I want to store Numpy arrays as values for cells in my Dataframe. Is there any way to do this? Basically i have pixel data which is a (512,512) Numpy array that i want to save as the value for pixel_data column corresponding to its particular id in the ID column of my Dataframe. How can i do this?
what i’m trying to do is extract pixel arrays from a bunch of dicom files. The folder is extremely big and i’m running into ram issues with other methods too. i thought i’ll save all the np arrays using np.save but again i ran into ram issues. Any way i can extract pixel arrays to be used later? i just need to extract all the pixel arrays from each dicom file
You can load the DICOMs directly into your dataloader. Might need adapting for your needs (especially div which should be true if the pixel data is integers and false if float, I used the default True but might depend on the dicoms) but I’ve used:
You just use it like a normal ImageList, doing DicomImageList.from_folder (/from_df etc).

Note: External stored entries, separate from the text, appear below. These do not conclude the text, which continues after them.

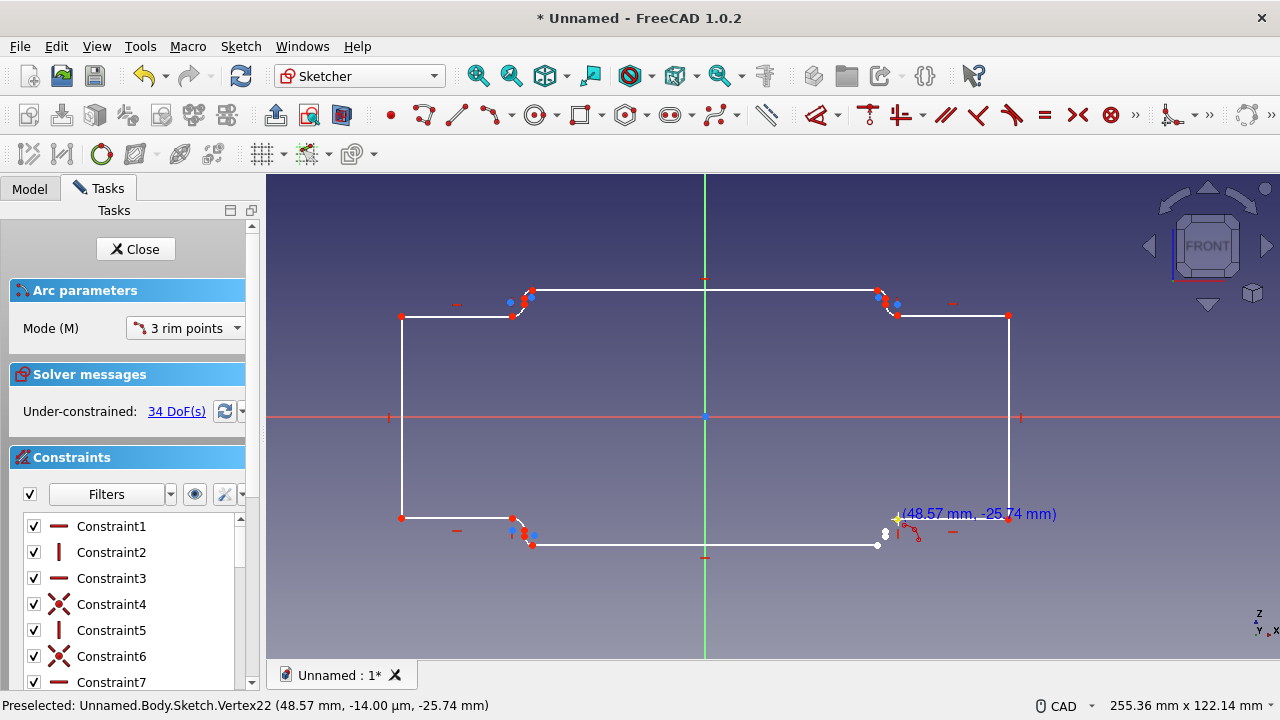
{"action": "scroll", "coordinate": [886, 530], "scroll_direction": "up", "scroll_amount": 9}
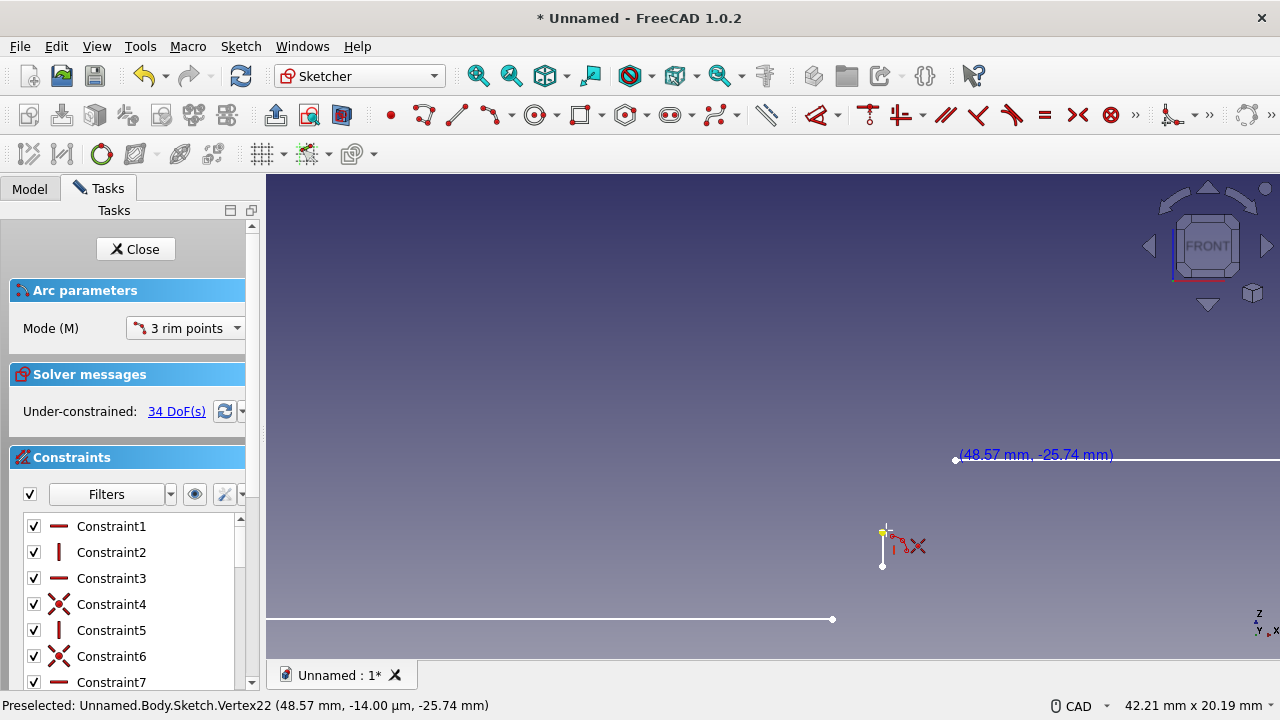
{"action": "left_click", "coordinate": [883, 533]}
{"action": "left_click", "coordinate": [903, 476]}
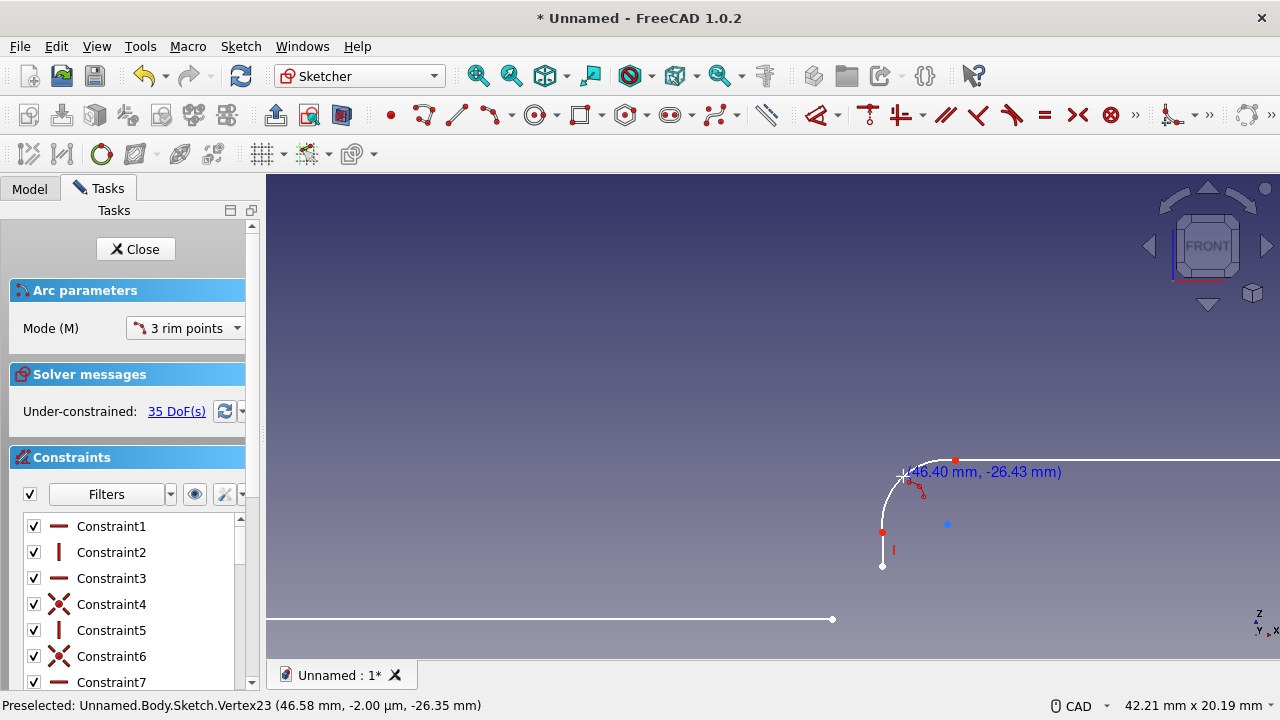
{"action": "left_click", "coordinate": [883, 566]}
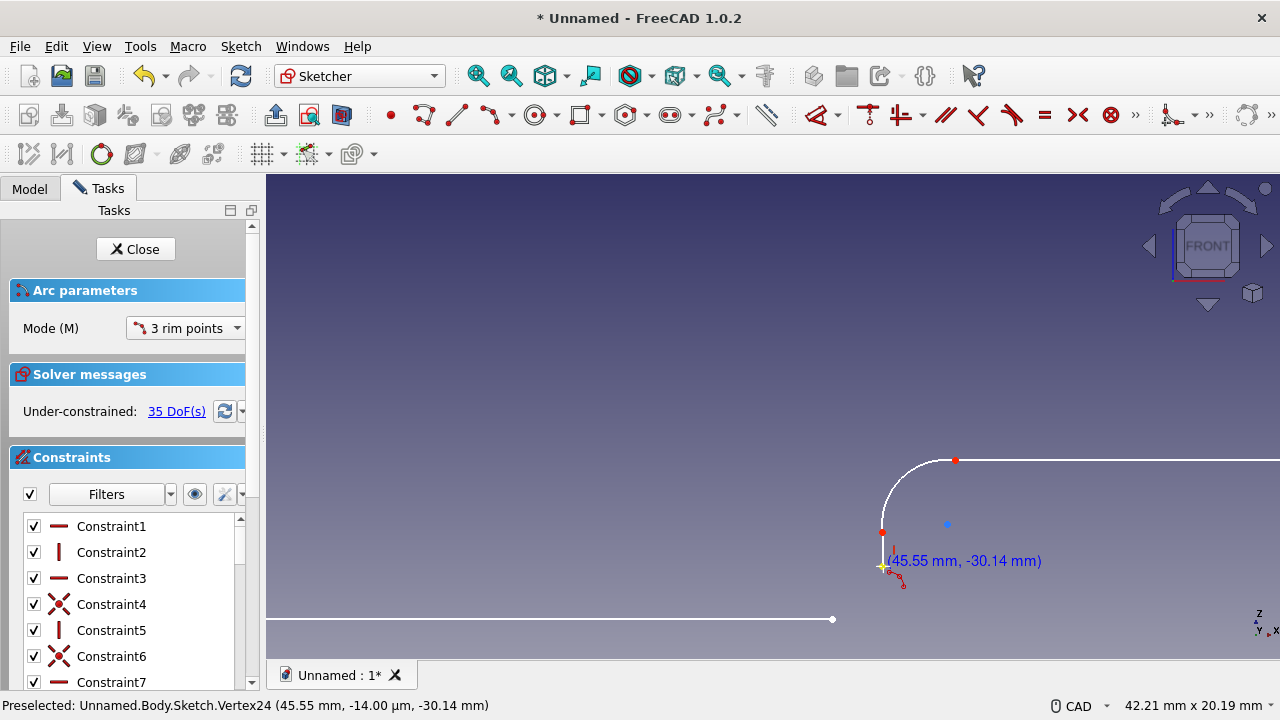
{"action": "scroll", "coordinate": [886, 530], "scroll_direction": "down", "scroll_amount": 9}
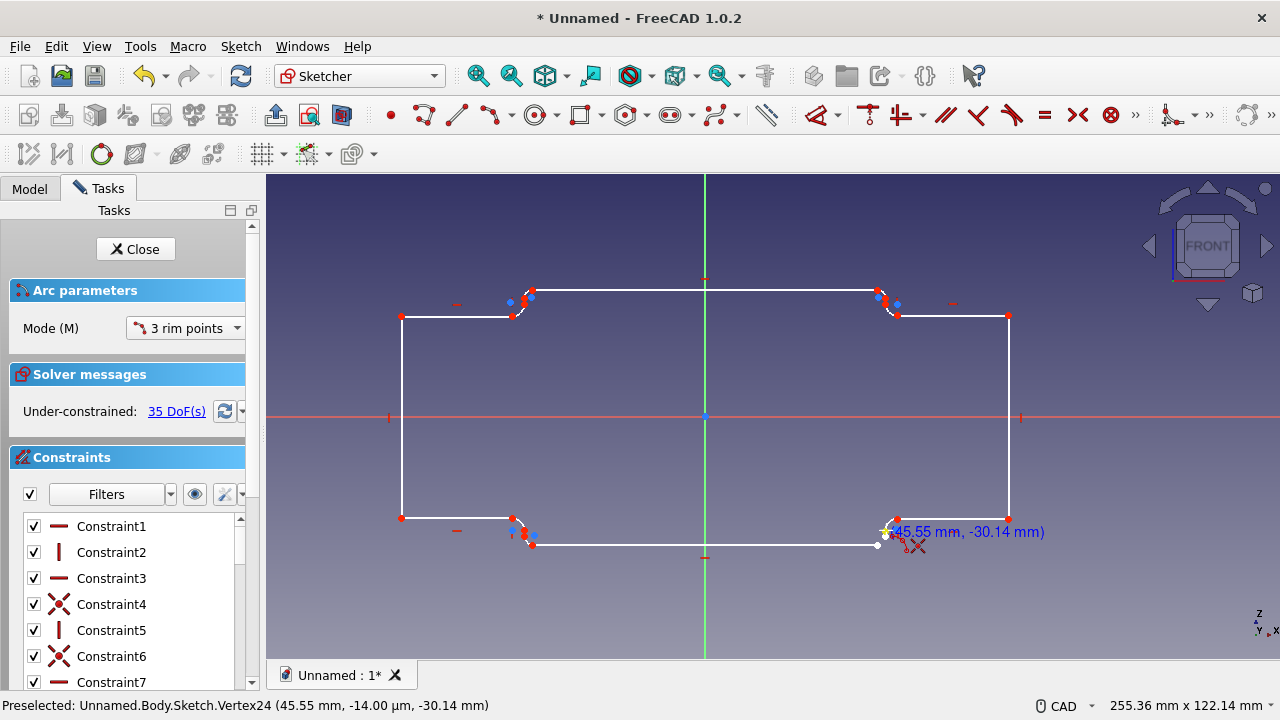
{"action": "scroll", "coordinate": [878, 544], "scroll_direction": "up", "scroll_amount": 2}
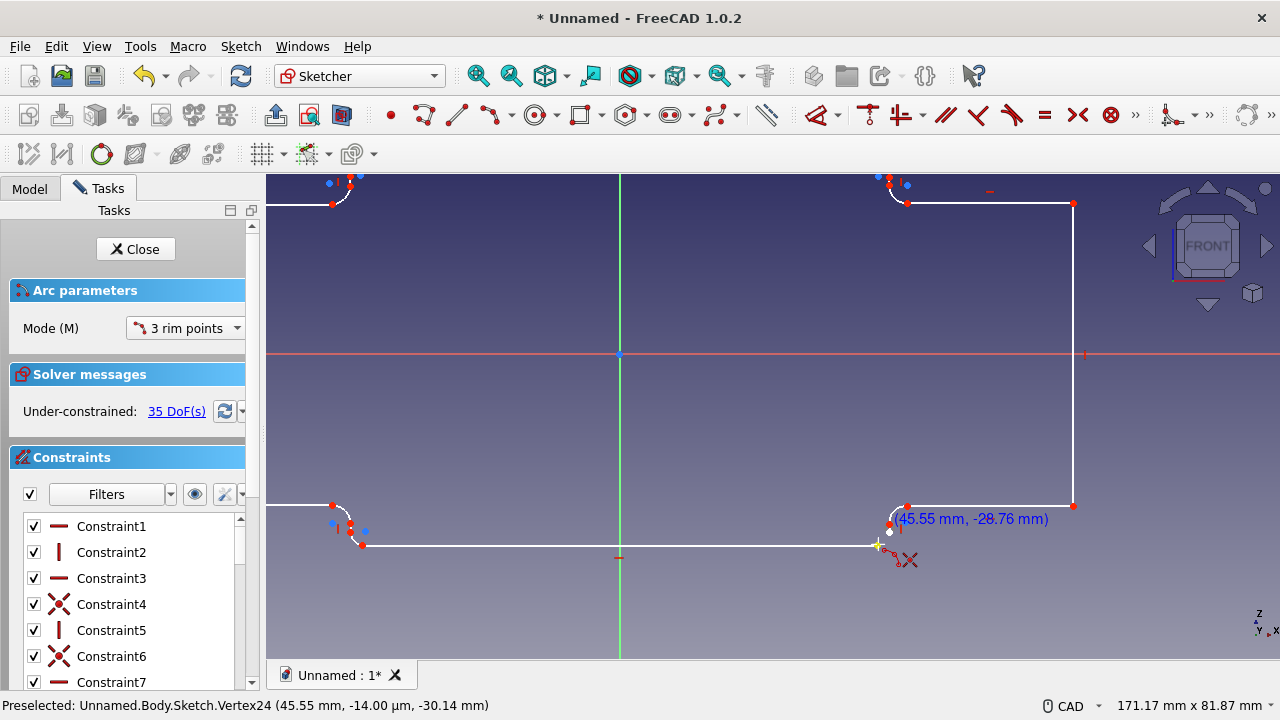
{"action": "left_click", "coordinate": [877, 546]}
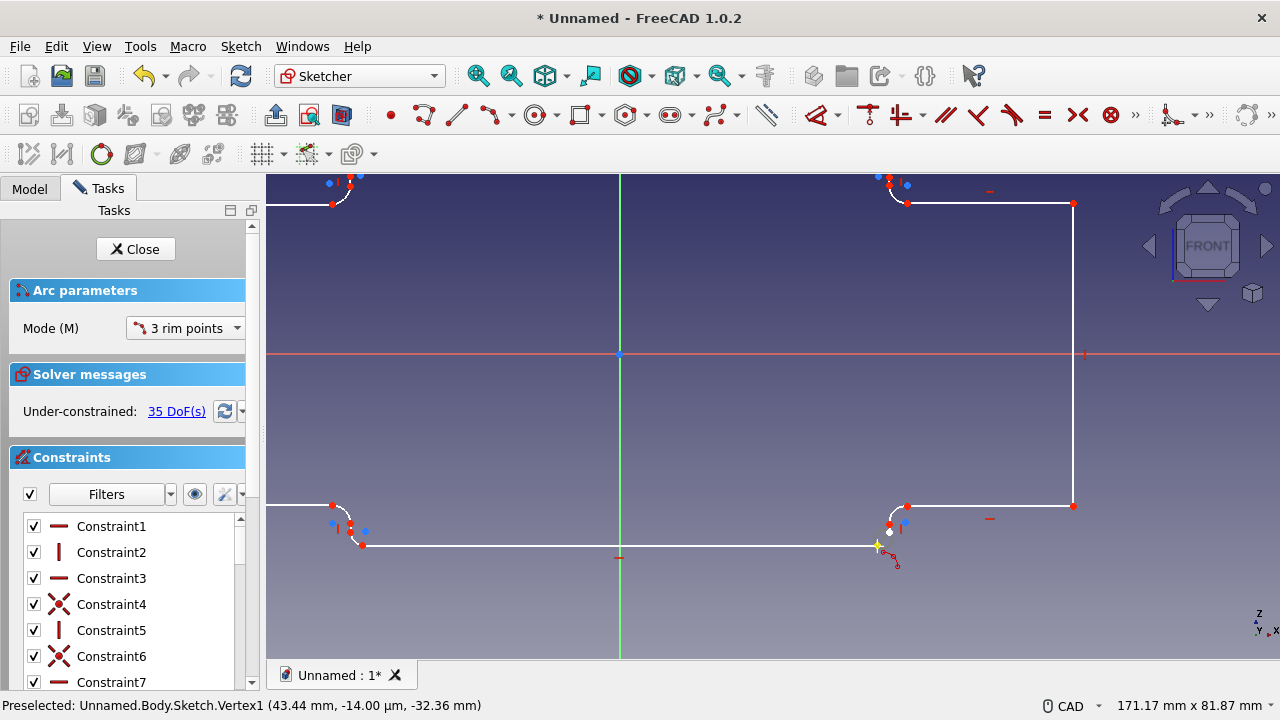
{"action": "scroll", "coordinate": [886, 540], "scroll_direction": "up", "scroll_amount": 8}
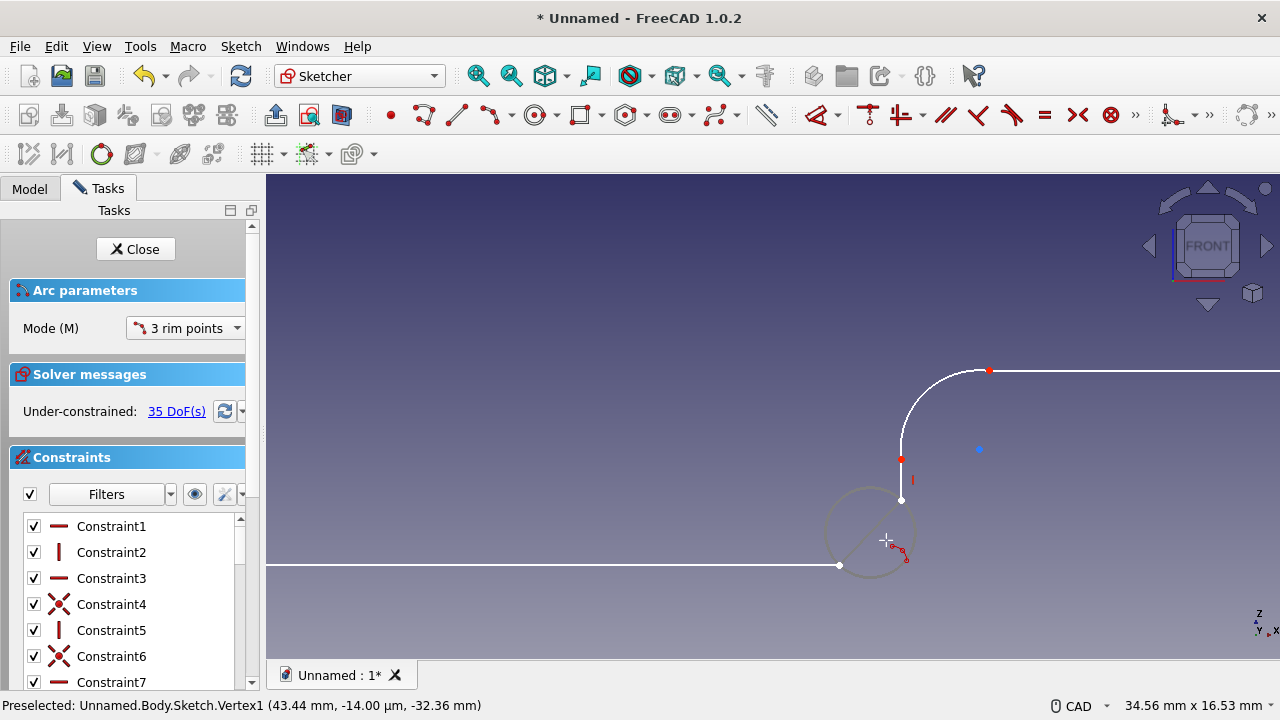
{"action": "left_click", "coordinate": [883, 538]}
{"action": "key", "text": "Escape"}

If pre-processing you need to save the arrays one image at a time (you might also be better to convert to Tensors and save in pytorch format as it might be a bit faster to load, though likely not much). You also need to be careful not to leave any variables pointing to images after you process and save them. You can so del some_var to explicitly delete a variable .
hey this is really useful thanks.
I was wondering if using the numpy arrays directly in my conv net by converting to torch tensors was better than converting to images (which i assume are byte arrays that get converted to tensors). Do u have any idea about this?
How do you mean, converting to images? Do you mean writing them out as JPEG say? Or converting to a fastai Image as above. The fastai Image is just a wrapper around a tensor with various operations so very fast.
In terms of writing to images, generally storing the tensors should be faster (or numpy arrays, torch.from_numpy() shares the memory with the numpy array so is very fast,other funnctions ot convert numpy copy the data). That avoids the work needed to decode the image files. Though with uncompressed formats this won’t be much work, the saved tensors will be optimised for loading. But then you can’t use standard tools on them so it’s a tradeoff.
I’m not sure how fast the above is. The pydicom library could be slow so it might be better to extract them from the dicoms as images first. I didn’t test that. Though that will all happen in worker processes anyway, so unless it’s really slow shouldn’t affect training speed too much.